Immobilien und Inflation? Ist der Schutz Makulatur?

11.04.2023

Sebastian Eraghi, COO Neho GmbH / Foto: © Neho

Immobilien gelten traditionell als Investitionen, die gegen einen Wertverlust durch Inflation geschützt sind. Ihren Ursprung hat diese Annahme darin, dass es sich bei Immobilien um harte Vermögenwerte handelt. Der inhärente Wert von Immobilien kann losgelöst von der Entwicklung einer Währung betrachtet werden. Trotz wirtschaftlicher Krisen bleibt die reelle Beschaffenheit einer Immobilie unverändert. Hinzukommt es besteht ein gesicherter gesellschaftlicher Bedarf nach Wohnraum, an dem sich der Wert von Immobilien orientiert. Aktien hingegen können im Fall einer schweren Wirtschaftskrise ihren Wert gänzlich verlieren.

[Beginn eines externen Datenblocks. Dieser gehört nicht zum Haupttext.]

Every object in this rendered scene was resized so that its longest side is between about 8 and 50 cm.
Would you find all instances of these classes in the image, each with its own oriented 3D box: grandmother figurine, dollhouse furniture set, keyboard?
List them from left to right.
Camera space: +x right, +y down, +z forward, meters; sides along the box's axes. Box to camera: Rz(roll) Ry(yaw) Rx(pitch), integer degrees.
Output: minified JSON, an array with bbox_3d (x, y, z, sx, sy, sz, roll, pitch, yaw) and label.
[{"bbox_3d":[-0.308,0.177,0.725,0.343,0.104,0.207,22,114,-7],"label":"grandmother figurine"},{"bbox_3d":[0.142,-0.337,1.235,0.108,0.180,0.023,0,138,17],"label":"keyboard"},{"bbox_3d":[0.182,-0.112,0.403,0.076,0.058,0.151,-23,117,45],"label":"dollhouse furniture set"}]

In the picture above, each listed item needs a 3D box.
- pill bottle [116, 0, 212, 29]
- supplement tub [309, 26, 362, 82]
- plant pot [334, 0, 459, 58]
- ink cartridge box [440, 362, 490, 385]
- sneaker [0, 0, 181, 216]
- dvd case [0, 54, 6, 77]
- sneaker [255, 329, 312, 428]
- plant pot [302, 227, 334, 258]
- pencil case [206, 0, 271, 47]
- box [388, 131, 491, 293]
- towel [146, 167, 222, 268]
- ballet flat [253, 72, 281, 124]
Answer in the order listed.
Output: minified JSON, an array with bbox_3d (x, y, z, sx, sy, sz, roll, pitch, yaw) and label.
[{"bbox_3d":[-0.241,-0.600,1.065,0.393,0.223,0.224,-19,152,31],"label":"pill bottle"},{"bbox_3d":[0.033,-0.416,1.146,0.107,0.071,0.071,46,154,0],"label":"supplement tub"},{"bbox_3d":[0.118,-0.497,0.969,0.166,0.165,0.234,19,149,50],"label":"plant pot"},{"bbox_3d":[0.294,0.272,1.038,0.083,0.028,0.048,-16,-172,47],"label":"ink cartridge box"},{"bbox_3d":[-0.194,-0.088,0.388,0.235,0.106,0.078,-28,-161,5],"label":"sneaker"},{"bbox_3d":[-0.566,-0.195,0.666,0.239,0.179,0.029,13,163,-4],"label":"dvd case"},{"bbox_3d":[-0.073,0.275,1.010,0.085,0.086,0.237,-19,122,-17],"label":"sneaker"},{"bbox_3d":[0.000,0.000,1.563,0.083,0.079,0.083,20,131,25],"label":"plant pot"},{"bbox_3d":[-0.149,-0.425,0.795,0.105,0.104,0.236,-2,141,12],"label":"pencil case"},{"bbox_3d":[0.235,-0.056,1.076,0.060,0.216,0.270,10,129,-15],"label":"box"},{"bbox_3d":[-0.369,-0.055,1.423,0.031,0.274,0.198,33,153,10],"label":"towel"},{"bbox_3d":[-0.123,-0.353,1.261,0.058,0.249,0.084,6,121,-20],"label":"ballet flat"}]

Im Fall einer Rezession, bei der kein kompletter Wertverlust zu befürchten wäre, verliert diese Erkenntnis jedoch an Relevanz. In einem solchen Szenario liegt es für Investoren nahe nach Anlagemöglichkeiten zu suchen, die den inflationsbedingten Wertverlust möglichst ausgleichen. Momentan liegt die Inflationsrate in Deutschland bei etwa 8 Prozent, die Wirtschaft verzeichnet ein niedriges Wachstum, gleichzeitig sinken die Preise für Immobilien. Wenn Immobilien durch Inflation und sinkenden Marktpreis einen doppelten Wertverlust erleiden, schützen sie dann momentan überhaupt vor Inflation?

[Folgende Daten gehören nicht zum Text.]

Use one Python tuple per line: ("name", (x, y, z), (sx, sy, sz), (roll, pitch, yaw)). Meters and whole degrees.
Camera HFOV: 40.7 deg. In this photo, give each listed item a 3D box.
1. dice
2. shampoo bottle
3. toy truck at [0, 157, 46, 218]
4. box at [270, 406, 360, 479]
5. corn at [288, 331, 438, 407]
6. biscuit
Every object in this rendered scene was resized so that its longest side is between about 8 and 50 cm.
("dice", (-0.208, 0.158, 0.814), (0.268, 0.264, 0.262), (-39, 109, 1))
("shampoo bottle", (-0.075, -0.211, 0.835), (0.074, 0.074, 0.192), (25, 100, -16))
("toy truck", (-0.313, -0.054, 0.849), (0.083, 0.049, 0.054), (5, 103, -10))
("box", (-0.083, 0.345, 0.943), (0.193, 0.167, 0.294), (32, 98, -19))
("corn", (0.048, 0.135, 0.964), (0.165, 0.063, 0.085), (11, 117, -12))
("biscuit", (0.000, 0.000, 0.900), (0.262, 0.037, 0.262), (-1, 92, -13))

Nicht jede Immobilieninvestition entfaltet in gleichen Maßen einen Inflationsschutz. Investoren betrachten Immobilien normalerweise anhand des Verhältnisses zwischen Nettokaltmiete und Kaufpreis. Hierbei bedeutet eine hohe Miete bei einem niedrigen Kaufpreis eine attraktive Investition. In diesem Kontext wären die sinkenden Preise für Kaufinteressenten also positiv zu werten. Ebenso können Mieten auch bei hoher Inflation in einem ähnlichen Verhältnis steigen. Indexmieten sind unmittelbar an die Inflation gebunden und stellen damit einen besonders sicheren Ausgleich zur Inflation dar. In klassischen Mietverträgen liegt die maximale Erhöhung zwischen 15 und 20 Prozent in einem Zeitraum von drei Jahren. Damit ist auch hier realistischer Spielraum für einen Ausgleich gegeben. Eine Untersuchung des Deutschen Bank Research kommt ebenfalls zu dem Ergebnis, dass angesichts der aktuell steigenden Mieten und der hohen Nachfrage nach Wohnraum der Inflationsschutz durch Wohnimmobilien langfristig intakt sei.

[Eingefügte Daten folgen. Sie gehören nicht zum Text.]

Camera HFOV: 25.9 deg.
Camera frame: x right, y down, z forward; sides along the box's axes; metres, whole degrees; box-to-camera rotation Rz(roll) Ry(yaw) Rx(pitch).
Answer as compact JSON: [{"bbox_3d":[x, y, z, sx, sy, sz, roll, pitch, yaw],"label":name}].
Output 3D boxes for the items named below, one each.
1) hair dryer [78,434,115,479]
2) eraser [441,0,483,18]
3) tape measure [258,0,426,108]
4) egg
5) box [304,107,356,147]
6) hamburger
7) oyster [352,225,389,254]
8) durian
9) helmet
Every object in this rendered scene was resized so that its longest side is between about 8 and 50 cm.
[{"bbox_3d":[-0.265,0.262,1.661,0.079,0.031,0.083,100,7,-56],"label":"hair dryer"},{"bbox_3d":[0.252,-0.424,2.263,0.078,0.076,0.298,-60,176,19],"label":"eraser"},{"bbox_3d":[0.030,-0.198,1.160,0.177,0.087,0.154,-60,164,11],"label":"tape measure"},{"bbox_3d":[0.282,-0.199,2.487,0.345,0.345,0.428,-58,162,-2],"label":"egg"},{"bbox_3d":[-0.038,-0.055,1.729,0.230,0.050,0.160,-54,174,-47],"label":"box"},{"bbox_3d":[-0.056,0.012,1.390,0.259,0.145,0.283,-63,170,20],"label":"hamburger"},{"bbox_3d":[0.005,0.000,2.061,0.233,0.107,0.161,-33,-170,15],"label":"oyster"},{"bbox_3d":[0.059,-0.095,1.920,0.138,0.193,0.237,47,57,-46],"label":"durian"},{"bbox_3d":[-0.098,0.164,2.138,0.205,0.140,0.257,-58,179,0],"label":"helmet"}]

Im Falle einer hohen Inflation gepaart mit hohem Wirtschaftswachstum rentieren sich besonders Immobilien, die von Wachstumstrends profitieren. Dabei würde es sich klassischerweise um Objekte in Wachstumsregionen handeln. Ein hoher Nachfrageüberhang, eine günstige wirtschaftliche Entwicklung in der Region und ein vergleichsweise günstiges Preiseinstiegsniveau sind dabei Indikatoren für lohnenswerte Investments.

Beim Kauf von Immobilien wird zudem meist mit Fremdkapital gearbeitet, dadurch spielt noch ein anderer Aspekt der Inflation eine Rolle. Zwischen Zinsen und Inflation besteht eine Wechselwirkung. Der Leitzins wird von den Notenbanken zur Eindämmung der Inflation erhöht. Die Inflation sorgt für einen Wertverlust beim Kredit, wodurch dieser deutlich leichter zurückgezahlt werden kann. Gleichzeitig erschweren die gestiegenen Zinssätze die Tilgung des Kredits. Während der Zinssatz bei einem Kredit normalerweise fix ist, ändert sich die Inflation. Eine steigende Inflation kommt dementsprechend allen Schuldnern zugute aber in besonderem Maß jenen die einen niedrigen Zins zu bedienen haben. Die Inflation frisst die Schulden auf – diese „Sondertilgung“ gilt es bei der wirtschaftlichen Betrachtung einer Immobilie immer zu mitzubetrachten. Die Inflation hat somit auch etwas Gutes – unter den richtigen Umständen.

Wie lohnend welche Immobilien gegen Inflation sind, hängt davon ab, wie sich Inflation und Wirtschaftswachstum entwickeln. Zukünftige makroökonomische Entwicklungen sind nie leicht vorherzusehen, aber genau darin liegt die größte Stärke von Immobilieninvestments. Die Investitionsalternativen sind von diesen Entwicklungen weitaus stärker abhängig und langfristig ist nicht damit zu rechnen das der Bedarf nach Immobilien sinkt.